* Work task *
Output all of the data below without changing a word, and exclude the pictures.

------ Dataset records ------

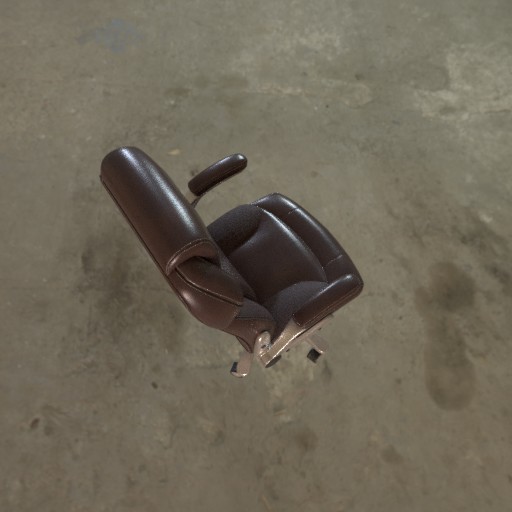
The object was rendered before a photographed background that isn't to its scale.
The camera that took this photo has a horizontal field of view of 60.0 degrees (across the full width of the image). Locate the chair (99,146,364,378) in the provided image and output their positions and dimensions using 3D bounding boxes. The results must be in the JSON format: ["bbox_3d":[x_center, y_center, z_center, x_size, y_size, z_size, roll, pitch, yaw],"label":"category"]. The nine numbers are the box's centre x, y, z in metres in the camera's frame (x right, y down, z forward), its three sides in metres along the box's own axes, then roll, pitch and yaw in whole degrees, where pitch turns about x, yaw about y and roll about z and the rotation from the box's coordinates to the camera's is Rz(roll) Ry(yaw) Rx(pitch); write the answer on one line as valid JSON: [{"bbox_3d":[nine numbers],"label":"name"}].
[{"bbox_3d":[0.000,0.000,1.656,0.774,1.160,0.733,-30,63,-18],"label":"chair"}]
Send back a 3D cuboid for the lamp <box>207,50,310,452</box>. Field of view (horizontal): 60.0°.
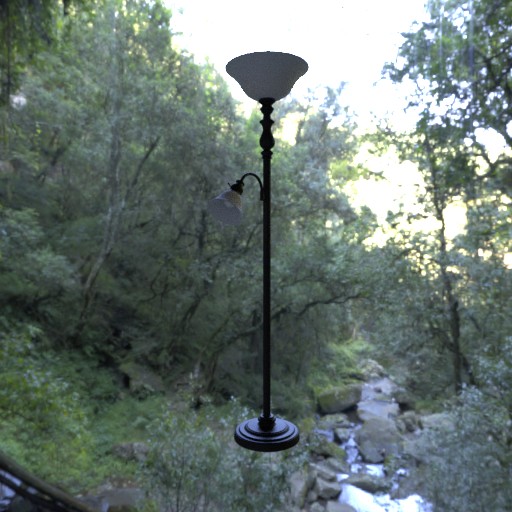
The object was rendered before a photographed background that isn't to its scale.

------

* Solution to the problem *
The object was rendered before a photographed background that isn't to its scale.
The camera that took this photo has a horizontal field of view of 60.0 degrees (across the full width of the image). Locate the chair (99,146,364,378) in the provided image and output their positions and dimensions using 3D bounding boxes. The results must be in the JSON format: ["bbox_3d":[x_center, y_center, z_center, x_size, y_size, z_size, roll, pitch, yaw],"label":"category"]. The nine numbers are the box's centre x, y, z in metres in the camera's frame (x right, y down, z forward), its three sides in metres along the box's own axes, then roll, pitch and yaw in whole degrees, where pitch turns about x, yaw about y and roll about z and the rotation from the box's coordinates to the camera's is Rz(roll) Ry(yaw) Rx(pitch); write the answer on one line as valid JSON: [{"bbox_3d":[nine numbers],"label":"name"}].
[{"bbox_3d":[0.000,0.000,1.656,0.774,1.160,0.733,-30,63,-18],"label":"chair"}]
Send back a 3D cuboid for the lamp <box>207,50,310,452</box>. Field of view (horizontal): 60.0°.
The object was rendered before a photographed background that isn't to its scale.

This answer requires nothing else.